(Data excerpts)
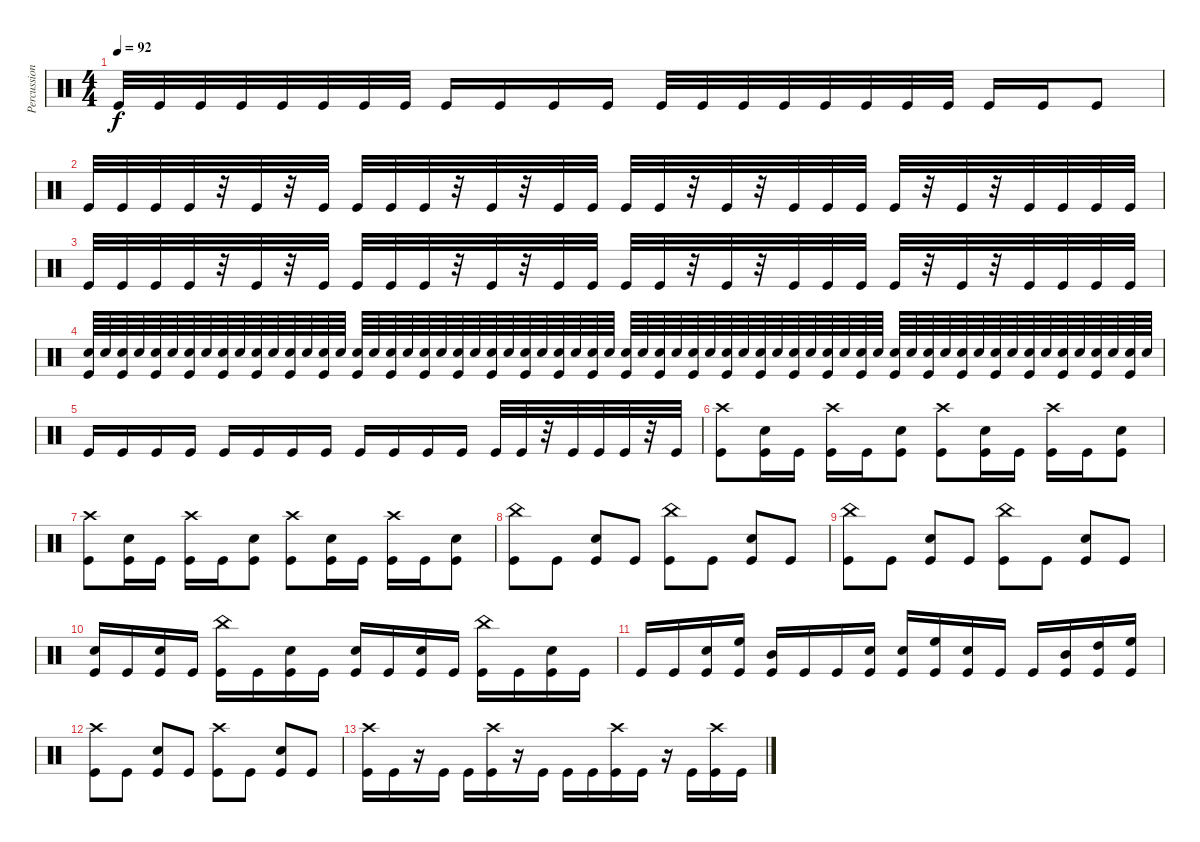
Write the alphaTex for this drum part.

\track ("Percussion" "Percussion") {instrument percussion}
\staff {score}
\articulation defaults
\ts (4 4)
\tempo 92
\clef neutral
\ks c "Kick (hit)".32{dy f} "Kick (hit)".32 "Kick (hit)".32 "Kick (hit)".32 "Kick (hit)".32 "Kick (hit)".32 "Kick (hit)".32 "Kick (hit)".32 "Kick (hit)".16 "Kick (hit)".16 "Kick (hit)".16 "Kick (hit)".16 "Kick (hit)".32 "Kick (hit)".32 "Kick (hit)".32 "Kick (hit)".32 "Kick (hit)".32 "Kick (hit)".32 "Kick (hit)".32 "Kick (hit)".32 "Kick (hit)".16 "Kick (hit)".16 "Kick (hit)".8
|
"Kick (hit)".32 "Kick (hit)".32 "Kick (hit)".32 "Kick (hit)".32 r.32 "Kick (hit)".32 r.32 "Kick (hit)".32 "Kick (hit)".32 "Kick (hit)".32 "Kick (hit)".32 r.32 "Kick (hit)".32 r.32 "Kick (hit)".32 "Kick (hit)".32 "Kick (hit)".32 "Kick (hit)".32 r.32 "Kick (hit)".32 r.32 "Kick (hit)".32 "Kick (hit)".32 "Kick (hit)".32 "Kick (hit)".32 r.32 "Kick (hit)".32 r.32 "Kick (hit)".32 "Kick (hit)".32 "Kick (hit)".32 "Kick (hit)".32 |
"Kick (hit)".32 "Kick (hit)".32 "Kick (hit)".32 "Kick (hit)".32 r.32 "Kick (hit)".32 r.32 "Kick (hit)".32 "Kick (hit)".32 "Kick (hit)".32 "Kick (hit)".32 r.32 "Kick (hit)".32 r.32 "Kick (hit)".32 "Kick (hit)".32 "Kick (hit)".32 "Kick (hit)".32 r.32 "Kick (hit)".32 r.32 "Kick (hit)".32 "Kick (hit)".32 "Kick (hit)".32 "Kick (hit)".32 r.32 "Kick (hit)".32 r.32 "Kick (hit)".32 "Kick (hit)".32 "Kick (hit)".32 "Kick (hit)".32 |
("Snare (hit) 2" "Kick (hit)").64 "Snare (hit) 2".64 ("Snare (hit) 2" "Kick (hit)").64 "Snare (hit) 2".64 ("Snare (hit) 2" "Kick (hit)").64 "Snare (hit) 2".64 ("Snare (hit) 2" "Kick (hit)").64 "Snare (hit) 2".64 ("Snare (hit) 2" "Kick (hit)").64 "Snare (hit) 2".64 ("Snare (hit) 2" "Kick (hit)").64 "Snare (hit) 2".64 ("Snare (hit) 2" "Kick (hit)").64 "Snare (hit) 2".64 ("Snare (hit) 2" "Kick (hit)").64 "Snare (hit) 2".64 ("Snare (hit) 2" "Kick (hit)").64 "Snare (hit) 2".64 ("Snare (hit) 2" "Kick (hit)").64 "Snare (hit) 2".64 ("Snare (hit) 2" "Kick (hit)").64 "Snare (hit) 2".64 ("Snare (hit) 2" "Kick (hit)").64 "Snare (hit) 2".64 ("Snare (hit) 2" "Kick (hit)").64 "Snare (hit) 2".64 ("Snare (hit) 2" "Kick (hit)").64 "Snare (hit) 2".64 ("Snare (hit) 2" "Kick (hit)").64 "Snare (hit) 2".64 ("Snare (hit) 2" "Kick (hit)").64 "Snare (hit) 2".64 ("Snare (hit) 2" "Kick (hit)").64 "Snare (hit) 2".64 ("Snare (hit) 2" "Kick (hit)").64 "Snare (hit) 2".64 ("Snare (hit) 2" "Kick (hit)").64 "Snare (hit) 2".64 ("Snare (hit) 2" "Kick (hit)").64 "Snare (hit) 2".64 ("Snare (hit) 2" "Kick (hit)").64 "Snare (hit) 2".64 ("Snare (hit) 2" "Kick (hit)").64 "Snare (hit) 2".64 ("Snare (hit) 2" "Kick (hit)").64 "Snare (hit) 2".64 ("Snare (hit) 2" "Kick (hit)").64 "Snare (hit) 2".64 ("Snare (hit) 2" "Kick (hit)").64 "Snare (hit) 2".64 ("Snare (hit) 2" "Kick (hit)").64 "Snare (hit) 2".64 ("Snare (hit) 2" "Kick (hit)").64 "Snare (hit) 2".64 ("Snare (hit) 2" "Kick (hit)").64 "Snare (hit) 2".64 ("Snare (hit) 2" "Kick (hit)").64 "Snare (hit) 2".64 ("Snare (hit) 2" "Kick (hit)").64 "Snare (hit) 2".64 ("Snare (hit) 2" "Kick (hit)").64 "Snare (hit) 2".64 ("Snare (hit) 2" "Kick (hit)").64 "Snare (hit) 2".64 |
"Kick (hit)".16 "Kick (hit)".16 "Kick (hit)".16 "Kick (hit)".16 "Kick (hit)".16 "Kick (hit)".16 "Kick (hit)".16 "Kick (hit)".16 "Kick (hit)".16 "Kick (hit)".16 "Kick (hit)".16 "Kick (hit)".16 "Kick (hit)".32 "Kick (hit)".32 r.32 "Kick (hit)".32 "Kick (hit)".32 "Kick (hit)".32 r.32 "Kick (hit)".32 |
("Crash high (hit)" "Kick (hit)").8 ("Snare (hit) 2" "Kick (hit)").16 "Kick (hit)".16 ("Crash high (hit)" "Kick (hit)").16 "Kick (hit)".16 ("Snare (hit) 2" "Kick (hit)").8 ("Crash high (hit)" "Kick (hit)").8 ("Snare (hit) 2" "Kick (hit)").16 "Kick (hit)".16 ("Crash high (hit)" "Kick (hit)").16 "Kick (hit)".16 ("Snare (hit) 2" "Kick (hit)").8 |
("Crash high (hit)" "Kick (hit)").8 ("Snare (hit) 2" "Kick (hit)").16 "Kick (hit)".16 ("Crash high (hit)" "Kick (hit)").16 "Kick (hit)".16 ("Snare (hit) 2" "Kick (hit)").8 ("Crash high (hit)" "Kick (hit)").8 ("Snare (hit) 2" "Kick (hit)").16 "Kick (hit)".16 ("Crash high (hit)" "Kick (hit)").16 "Kick (hit)".16 ("Snare (hit) 2" "Kick (hit)").8 |
("China (hit)" "Kick (hit)").8 "Kick (hit)".8 ("Snare (hit) 2" "Kick (hit)").8 "Kick (hit)".8 ("China (hit)" "Kick (hit)").8 "Kick (hit)".8 ("Snare (hit) 2" "Kick (hit)").8 "Kick (hit)".8 |
("China (hit)" "Kick (hit)").8 "Kick (hit)".8 ("Snare (hit) 2" "Kick (hit)").8 "Kick (hit)".8 ("China (hit)" "Kick (hit)").8 "Kick (hit)".8 ("Snare (hit) 2" "Kick (hit)").8 "Kick (hit)".8 |
("Snare (hit) 2" "Kick (hit)").16 "Kick (hit)".16 ("Snare (hit) 2" "Kick (hit)").16 "Kick (hit)".16 ("China (hit)" "Kick (hit)").16 "Kick (hit)".16 ("Snare (hit) 2" "Kick (hit)").16 "Kick (hit)".16 ("Snare (hit) 2" "Kick (hit)").16 "Kick (hit)".16 ("Snare (hit) 2" "Kick (hit)").16 "Kick (hit)".16 ("China (hit)" "Kick (hit)").16 "Kick (hit)".16 ("Snare (hit) 2" "Kick (hit)").16 "Kick (hit)".16 |
"Kick (hit)".16 "Kick (hit)".16 ("Snare (hit) 2" "Kick (hit)").16 ("High Floor Tom (hit)" "Kick (hit)").16 ("Mid Tom (hit)" "Kick (hit)").16 "Kick (hit)".16 "Kick (hit)".16 ("Snare (hit) 2" "Kick (hit)").16 ("Snare (hit) 2" "Kick (hit)").16 ("High Floor Tom (hit)" "Kick (hit)").16 ("Snare (hit) 2" "Kick (hit)").16 "Kick (hit)".16 "Kick (hit)".16 ("Mid Tom (hit)" "Kick (hit)").16 ("High Tom (hit)" "Kick (hit)").16 ("High Floor Tom (hit)" "Kick (hit)").16 |
("Crash high (hit)" "Kick (hit)").8 "Kick (hit)".8 ("Snare (hit) 2" "Kick (hit)").8 "Kick (hit)".8 ("Crash high (hit)" "Kick (hit)").8 "Kick (hit)".8 ("Snare (hit) 2" "Kick (hit)").8 "Kick (hit)".8 |
("Crash high (hit)" "Kick (hit)").16 "Kick (hit)".16 r.16 "Kick (hit)".16 "Kick (hit)".16 ("Crash high (hit)" "Kick (hit)").16 r.16 "Kick (hit)".16 "Kick (hit)".16 "Kick (hit)".16 ("Crash high (hit)" "Kick (hit)").16 "Kick (hit)".16 r.16 "Kick (hit)".16 ("Crash high (hit)" "Kick (hit)").16 "Kick (hit)".16
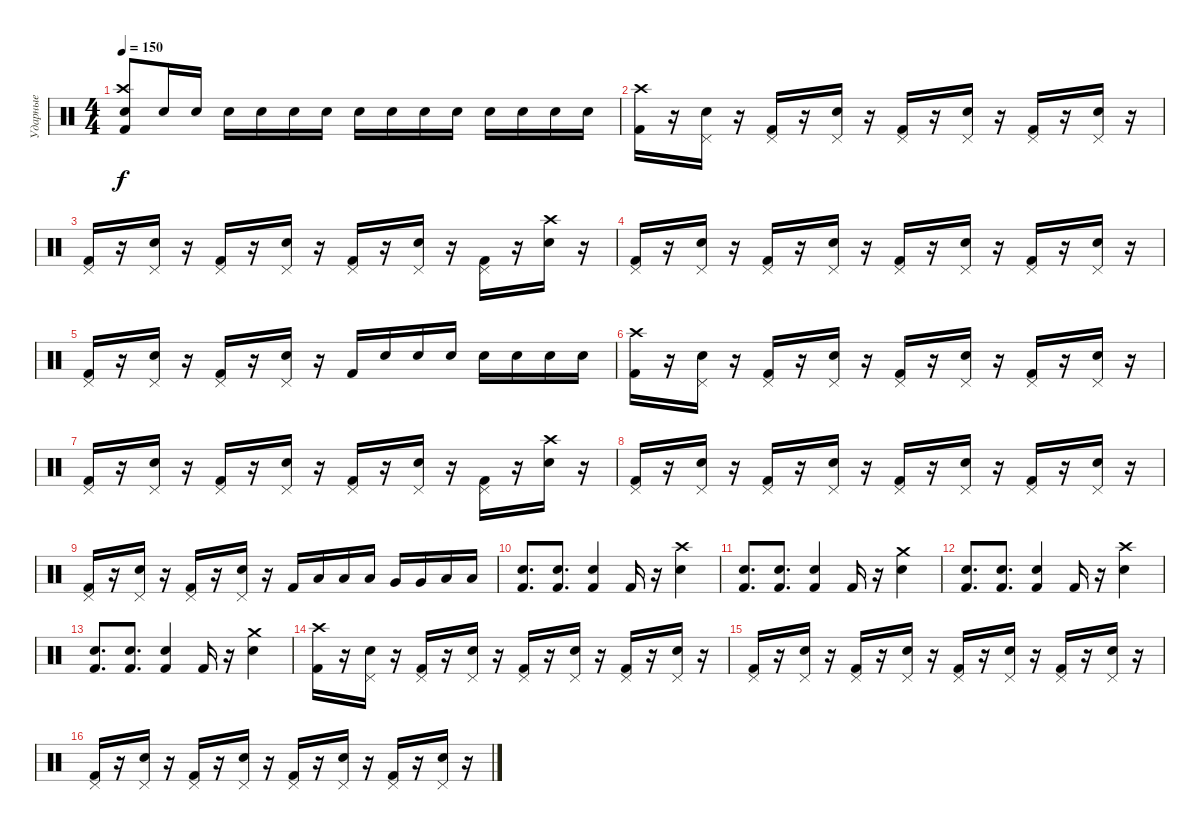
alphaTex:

\track ("Ударные" "Ударные") {instrument percussion}
\staff {score}
\articulation defaults
\ts (4 4)
\tempo 150
\clef neutral
\ks c
("Electric Snare (hit)" "Crash high (hit)" "Kick (hit) 2").8{dy f} "Electric Snare (hit)".16 "Electric Snare (hit)".16 "Electric Snare (hit)".16 "Electric Snare (hit)".16 "Electric Snare (hit)".16 "Electric Snare (hit)".16 "Electric Snare (hit)".16 "Electric Snare (hit)".16 "Electric Snare (hit)".16 "Electric Snare (hit)".16 "Electric Snare (hit)".16 "Electric Snare (hit)".16 "Electric Snare (hit)".16 "Electric Snare (hit)".16 |
("Kick (hit) 2" "Crash high (hit)").16 r.16 ("Electric Snare (hit)" "Pedal Hi-Hat (hit)").16 r.16 ("Kick (hit) 2" "Pedal Hi-Hat (hit)").16 r.16 ("Electric Snare (hit)" "Pedal Hi-Hat (hit)").16 r.16 ("Kick (hit) 2" "Pedal Hi-Hat (hit)").16 r.16 ("Electric Snare (hit)" "Pedal Hi-Hat (hit)").16 r.16 ("Kick (hit) 2" "Pedal Hi-Hat (hit)").16 r.16 ("Electric Snare (hit)" "Pedal Hi-Hat (hit)").16 r.16 |
("Kick (hit) 2" "Pedal Hi-Hat (hit)").16 r.16 ("Electric Snare (hit)" "Pedal Hi-Hat (hit)").16 r.16 ("Kick (hit) 2" "Pedal Hi-Hat (hit)").16 r.16 ("Electric Snare (hit)" "Pedal Hi-Hat (hit)").16 r.16 ("Kick (hit) 2" "Pedal Hi-Hat (hit)").16 r.16 ("Electric Snare (hit)" "Pedal Hi-Hat (hit)").16 r.16 ("Kick (hit) 2" "Pedal Hi-Hat (hit)").16 r.16 ("Electric Snare (hit)" "Crash high (hit)").16 r.16 |
("Kick (hit) 2" "Pedal Hi-Hat (hit)").16 r.16 ("Electric Snare (hit)" "Pedal Hi-Hat (hit)").16 r.16 ("Kick (hit) 2" "Pedal Hi-Hat (hit)").16 r.16 ("Electric Snare (hit)" "Pedal Hi-Hat (hit)").16 r.16 ("Kick (hit) 2" "Pedal Hi-Hat (hit)").16 r.16 ("Electric Snare (hit)" "Pedal Hi-Hat (hit)").16 r.16 ("Kick (hit) 2" "Pedal Hi-Hat (hit)").16 r.16 ("Electric Snare (hit)" "Pedal Hi-Hat (hit)").16 r.16 |
("Kick (hit) 2" "Pedal Hi-Hat (hit)").16 r.16 ("Electric Snare (hit)" "Pedal Hi-Hat (hit)").16 r.16 ("Kick (hit) 2" "Pedal Hi-Hat (hit)").16 r.16 ("Electric Snare (hit)" "Pedal Hi-Hat (hit)").16 r.16 "Kick (hit) 2".16 "Electric Snare (hit)".16 "Electric Snare (hit)".16 "Electric Snare (hit)".16 "Electric Snare (hit)".16 "Electric Snare (hit)".16 "Electric Snare (hit)".16 "Electric Snare (hit)".16 |
("Kick (hit) 2" "Crash high (hit)").16 r.16 ("Electric Snare (hit)" "Pedal Hi-Hat (hit)").16 r.16 ("Kick (hit) 2" "Pedal Hi-Hat (hit)").16 r.16 ("Electric Snare (hit)" "Pedal Hi-Hat (hit)").16 r.16 ("Kick (hit) 2" "Pedal Hi-Hat (hit)").16 r.16 ("Electric Snare (hit)" "Pedal Hi-Hat (hit)").16 r.16 ("Kick (hit) 2" "Pedal Hi-Hat (hit)").16 r.16 ("Electric Snare (hit)" "Pedal Hi-Hat (hit)").16 r.16 |
("Kick (hit) 2" "Pedal Hi-Hat (hit)").16 r.16 ("Electric Snare (hit)" "Pedal Hi-Hat (hit)").16 r.16 ("Kick (hit) 2" "Pedal Hi-Hat (hit)").16 r.16 ("Electric Snare (hit)" "Pedal Hi-Hat (hit)").16 r.16 ("Kick (hit) 2" "Pedal Hi-Hat (hit)").16 r.16 ("Electric Snare (hit)" "Pedal Hi-Hat (hit)").16 r.16 ("Kick (hit) 2" "Pedal Hi-Hat (hit)").16 r.16 ("Electric Snare (hit)" "Crash high (hit)").16 r.16 |
("Kick (hit) 2" "Pedal Hi-Hat (hit)").16 r.16 ("Electric Snare (hit)" "Pedal Hi-Hat (hit)").16 r.16 ("Kick (hit) 2" "Pedal Hi-Hat (hit)").16 r.16 ("Electric Snare (hit)" "Pedal Hi-Hat (hit)").16 r.16 ("Kick (hit) 2" "Pedal Hi-Hat (hit)").16 r.16 ("Electric Snare (hit)" "Pedal Hi-Hat (hit)").16 r.16 ("Kick (hit) 2" "Pedal Hi-Hat (hit)").16 r.16 ("Electric Snare (hit)" "Pedal Hi-Hat (hit)").16 r.16 |
("Kick (hit) 2" "Pedal Hi-Hat (hit)").16 r.16 ("Electric Snare (hit)" "Pedal Hi-Hat (hit)").16 r.16 ("Kick (hit) 2" "Pedal Hi-Hat (hit)").16 r.16 ("Electric Snare (hit)" "Pedal Hi-Hat (hit)").16 r.16 "Kick (hit) 2".16 "Low Tom (hit)".16 "Low Tom (hit)".16 "Low Tom (hit)".16 "Very Low Tom (hit)".16 "Very Low Tom (hit)".16 "Low Floor Tom (hit)".16 "Low Floor Tom (hit)".16 |
("Electric Snare (hit)" "Kick (hit) 2").8{d} ("Electric Snare (hit)" "Kick (hit) 2").8{d} ("Electric Snare (hit)" "Kick (hit) 2").4 "Kick (hit) 2".16 r.16 ("Electric Snare (hit)" "Crash high (hit)").4 |
("Electric Snare (hit)" "Kick (hit) 2").8{d} ("Electric Snare (hit)" "Kick (hit) 2").8{d} ("Electric Snare (hit)" "Kick (hit) 2").4 "Kick (hit) 2".16 r.16 ("Electric Snare (hit)" "Crash medium (hit)").4 |
("Electric Snare (hit)" "Kick (hit) 2").8{d} ("Electric Snare (hit)" "Kick (hit) 2").8{d} ("Electric Snare (hit)" "Kick (hit) 2").4 "Kick (hit) 2".16 r.16 ("Electric Snare (hit)" "Crash high (hit)").4 |
("Electric Snare (hit)" "Kick (hit) 2").8{d} ("Electric Snare (hit)" "Kick (hit) 2").8{d} ("Electric Snare (hit)" "Kick (hit) 2").4 "Kick (hit) 2".16 r.16 ("Electric Snare (hit)" "Crash medium (hit)").4 |
("Kick (hit) 2" "Crash high (hit)").16 r.16 ("Electric Snare (hit)" "Pedal Hi-Hat (hit)").16 r.16 ("Kick (hit) 2" "Pedal Hi-Hat (hit)").16 r.16 ("Electric Snare (hit)" "Pedal Hi-Hat (hit)").16 r.16 ("Kick (hit) 2" "Pedal Hi-Hat (hit)").16 r.16 ("Electric Snare (hit)" "Pedal Hi-Hat (hit)").16 r.16 ("Kick (hit) 2" "Pedal Hi-Hat (hit)").16 r.16 ("Electric Snare (hit)" "Pedal Hi-Hat (hit)").16 r.16 |
("Kick (hit) 2" "Pedal Hi-Hat (hit)").16 r.16 ("Electric Snare (hit)" "Pedal Hi-Hat (hit)").16 r.16 ("Kick (hit) 2" "Pedal Hi-Hat (hit)").16 r.16 ("Electric Snare (hit)" "Pedal Hi-Hat (hit)").16 r.16 ("Kick (hit) 2" "Pedal Hi-Hat (hit)").16 r.16 ("Electric Snare (hit)" "Pedal Hi-Hat (hit)").16 r.16 ("Kick (hit) 2" "Pedal Hi-Hat (hit)").16 r.16 ("Electric Snare (hit)" "Pedal Hi-Hat (hit)").16 r.16 |
("Kick (hit) 2" "Pedal Hi-Hat (hit)").16 r.16 ("Electric Snare (hit)" "Pedal Hi-Hat (hit)").16 r.16 ("Kick (hit) 2" "Pedal Hi-Hat (hit)").16 r.16 ("Electric Snare (hit)" "Pedal Hi-Hat (hit)").16 r.16 ("Kick (hit) 2" "Pedal Hi-Hat (hit)").16 r.16 ("Electric Snare (hit)" "Pedal Hi-Hat (hit)").16 r.16 ("Kick (hit) 2" "Pedal Hi-Hat (hit)").16 r.16 ("Electric Snare (hit)" "Pedal Hi-Hat (hit)").16 r.16
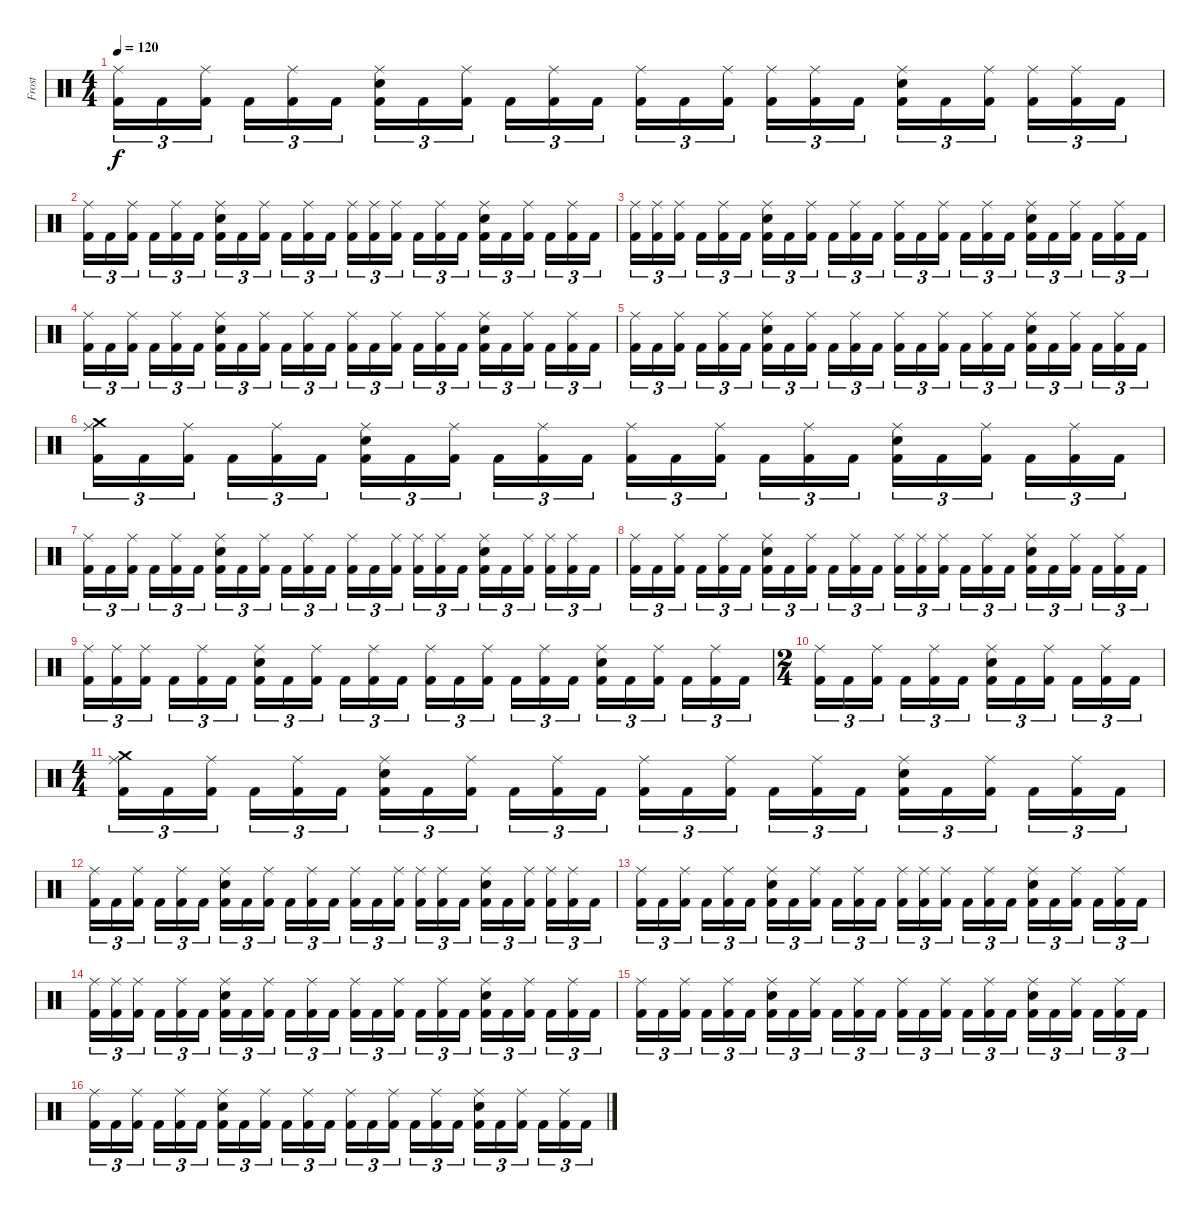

→ AIM OF THE TASK: Report each line above containing the string "alphaTex".

→ FINAL ANSWER:
Write the alphaTex for this drum part.
alphaTex:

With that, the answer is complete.